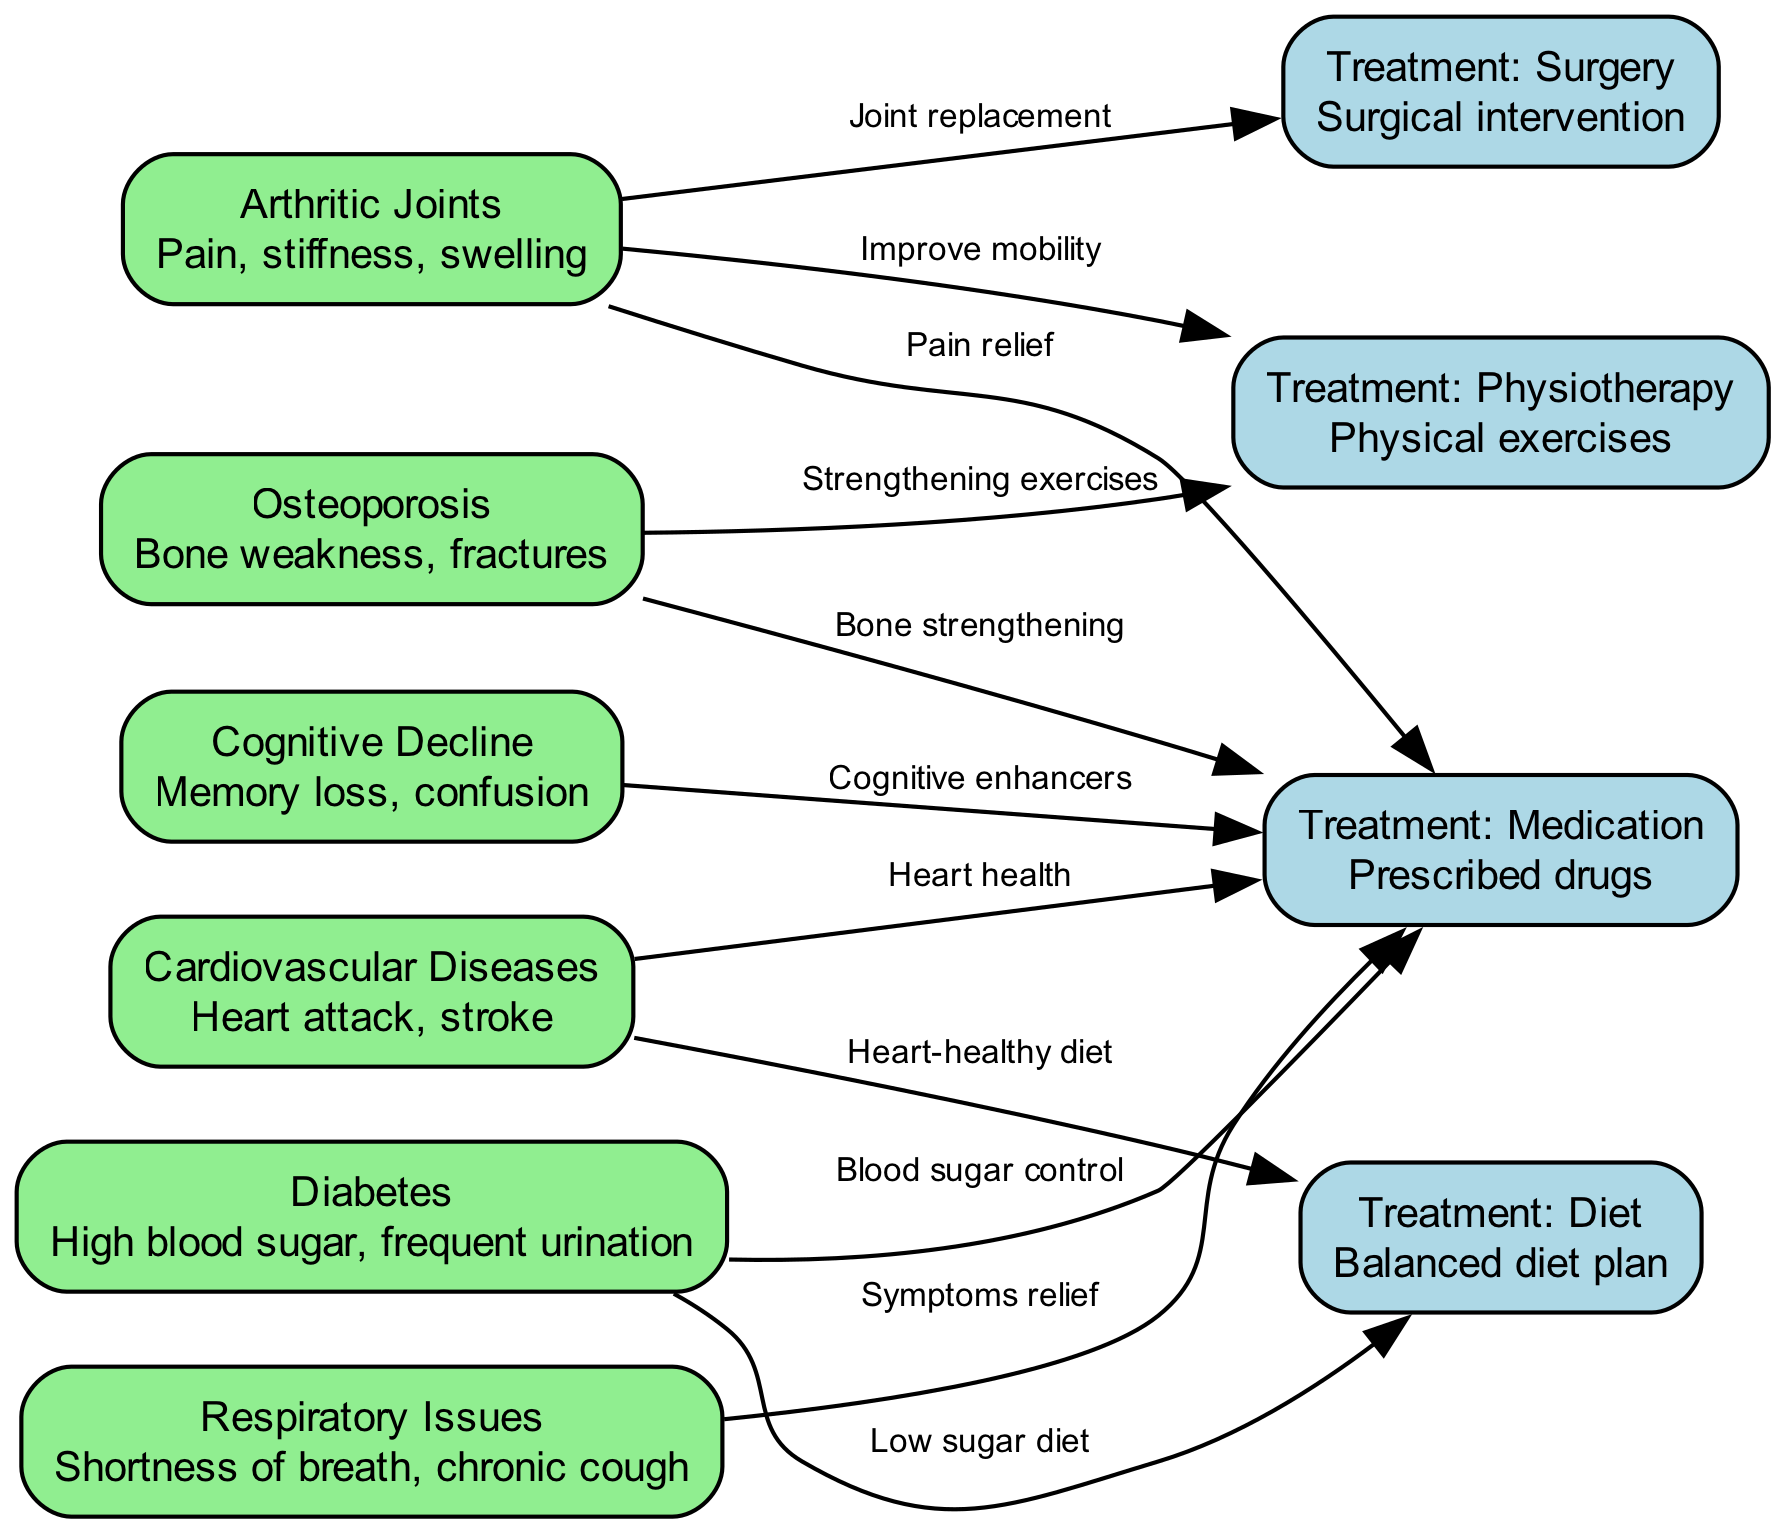What are the symptoms of cardiovascular diseases? The node labeled "Cardiovascular Diseases" details symptoms as "Heart attack, stroke," which can be found in the information linked with that node.
Answer: Heart attack, stroke How many treatment options are listed in the diagram? By counting the distinct treatment nodes: "Treatment: Medication," "Treatment: Physiotherapy," "Treatment: Diet," and "Treatment: Surgery," there are four treatment options shown in the diagram.
Answer: 4 Which condition is associated with joint replacement surgery? The node "Arthritic Joints" has a direct connection to "Treatment: Surgery" with the label "Joint replacement," indicating this relationship clearly in the diagram.
Answer: Arthritic Joints What is the primary focus of treatment for diabetes? The diagram links "Diabetes" to "Treatment: Medication" with the label "Blood sugar control," focusing on how diabetes is treated.
Answer: Blood sugar control Which treatment is recommended for improving mobility related to arthritic joints? The node "Arthritic Joints" connects to "Treatment: Physiotherapy" with the label "Improve mobility." This indicates that physiotherapy is specifically recommended for this purpose.
Answer: Improve mobility What condition is linked to high blood sugar and frequent urination? The node labeled "Diabetes" entails the details "High blood sugar, frequent urination," providing clear identification of this condition.
Answer: Diabetes Which treatment is common for both osteoporosis and arthritic joints? Both "Osteoporosis" and "Arthritic Joints" link to "Treatment: Medication," signifying that medication is a common treatment avenue for both conditions.
Answer: Treatment: Medication What diet is recommended for cardiovascular diseases? The edge from "Cardiovascular Diseases" to "Treatment: Diet" specifies the label "Heart-healthy diet," which indicates the type of diet recommended for this condition.
Answer: Heart-healthy diet What type of exercises are suggested for those with osteoporosis? The edge connecting "Osteoporosis" to "Treatment: Physiotherapy" has the label "Strengthening exercises," explicitly suggesting the kind of exercise recommended.
Answer: Strengthening exercises 
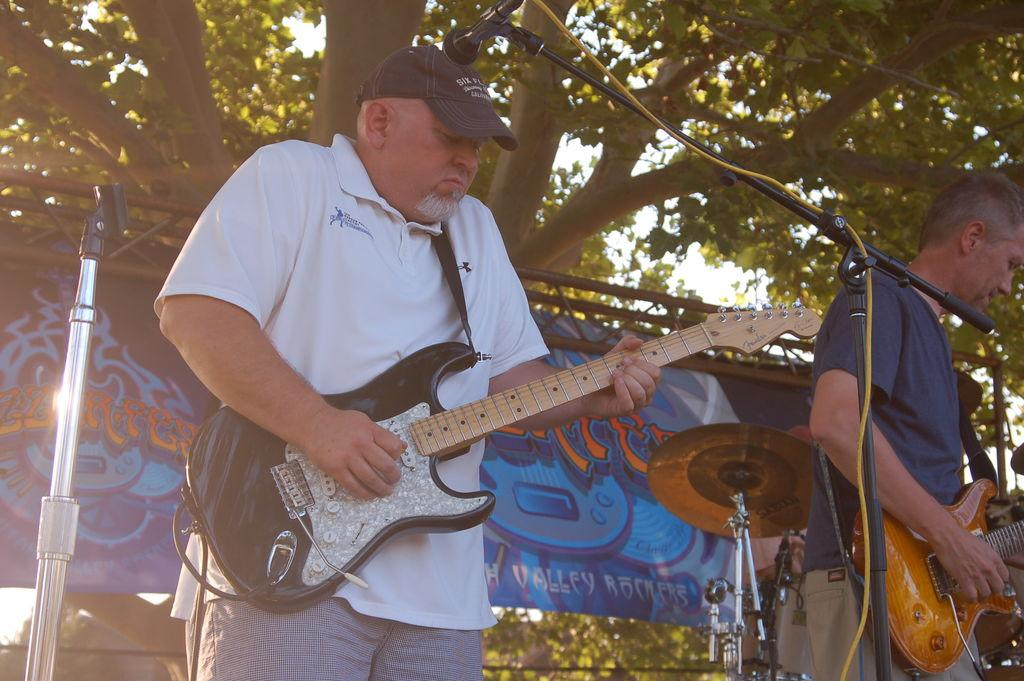What are the two men in the image doing? The two men in the image are standing and playing guitars. What can be seen in the background of the image? There is a banner, a cymbal stand, a tree, and cables in the background. What type of oatmeal is being served on the cymbal stand in the image? There is no oatmeal present in the image, and the cymbal stand is not serving any food. 
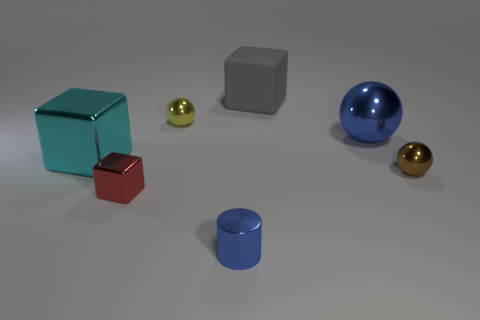Add 2 large brown shiny cylinders. How many objects exist? 9 Subtract all small red blocks. How many blocks are left? 2 Subtract all blue balls. How many balls are left? 2 Subtract 1 gray cubes. How many objects are left? 6 Subtract all spheres. How many objects are left? 4 Subtract 3 blocks. How many blocks are left? 0 Subtract all cyan balls. Subtract all purple cylinders. How many balls are left? 3 Subtract all gray things. Subtract all large gray things. How many objects are left? 5 Add 2 blue metallic cylinders. How many blue metallic cylinders are left? 3 Add 1 brown cubes. How many brown cubes exist? 1 
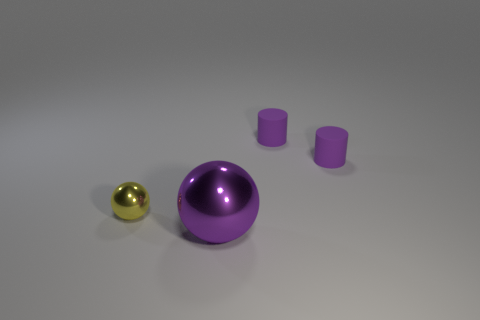Subtract all cyan spheres. Subtract all cyan cubes. How many spheres are left? 2 Add 4 tiny rubber objects. How many objects exist? 8 Add 4 purple objects. How many purple objects exist? 7 Subtract 0 gray cylinders. How many objects are left? 4 Subtract all purple metallic balls. Subtract all large purple metallic objects. How many objects are left? 2 Add 2 big purple things. How many big purple things are left? 3 
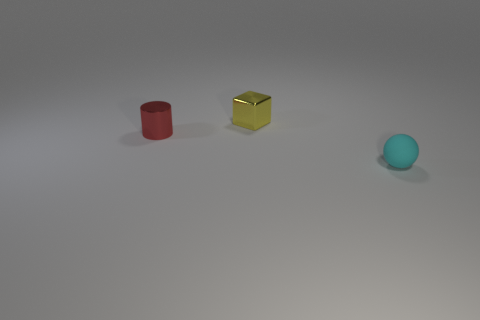Add 2 green cubes. How many objects exist? 5 Subtract all blocks. How many objects are left? 2 Subtract 0 green cylinders. How many objects are left? 3 Subtract all red things. Subtract all small yellow metallic things. How many objects are left? 1 Add 1 small yellow objects. How many small yellow objects are left? 2 Add 3 metal things. How many metal things exist? 5 
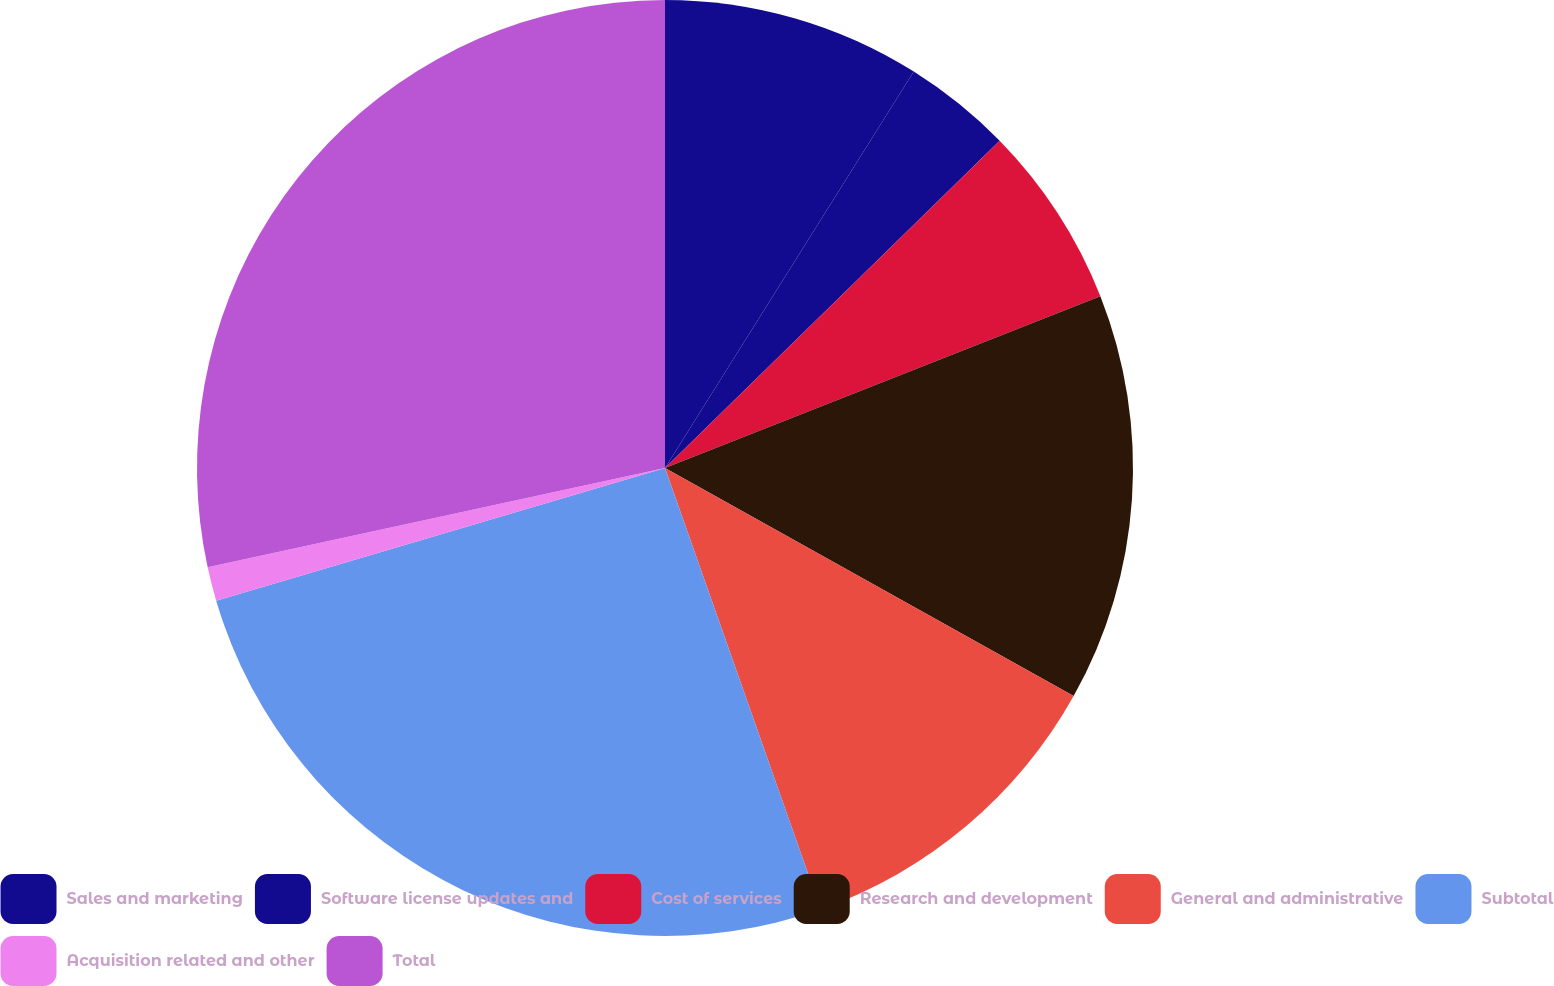Convert chart to OTSL. <chart><loc_0><loc_0><loc_500><loc_500><pie_chart><fcel>Sales and marketing<fcel>Software license updates and<fcel>Cost of services<fcel>Research and development<fcel>General and administrative<fcel>Subtotal<fcel>Acquisition related and other<fcel>Total<nl><fcel>8.92%<fcel>3.76%<fcel>6.34%<fcel>14.08%<fcel>11.5%<fcel>25.82%<fcel>1.17%<fcel>28.4%<nl></chart> 
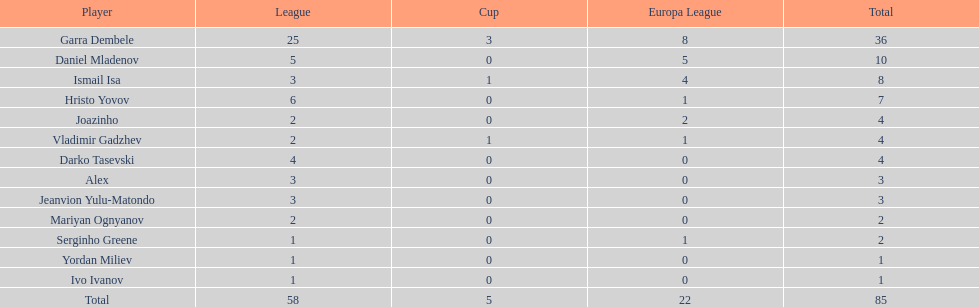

====================

**Problem to work on**
Working from the data above, repeat exactly, and only, the lines that begin at the line containing "Answer: Improve mobility" and stop after the line containing "What are the two"; pictures are not copied.

**Solved problem**
Answer: Improve mobility What condition is linked to high blood sugar and frequent urination? The node labeled "Diabetes" entails the details "High blood sugar, frequent urination," providing clear identification of this condition.
Answer: Diabetes Which treatment is common for both osteoporosis and arthritic joints? Both "Osteoporosis" and "Arthritic Joints" link to "Treatment: Medication," signifying that medication is a common treatment avenue for both conditions.
Answer: Treatment: Medication What diet is recommended for cardiovascular diseases? The edge from "Cardiovascular Diseases" to "Treatment: Diet" specifies the label "Heart-healthy diet," which indicates the type of diet recommended for this condition.
Answer: Heart-healthy diet What type of exercises are suggested for those with osteoporosis? The edge connecting "Osteoporosis" to "Treatment: Physiotherapy" has the label "Strengthening exercises," explicitly suggesting the kind of exercise recommended.
Answer: Strengthening exercises 
What are the two men in the image doing? The two men in the image are standing and playing guitars. What can be seen in the background of the image? There is a banner, a cymbal stand, a tree, and cables in the background. What type of oatmeal is being served on the cymbal stand in the image? There is no oatmeal present in the image, and the cymbal stand is not serving any food. 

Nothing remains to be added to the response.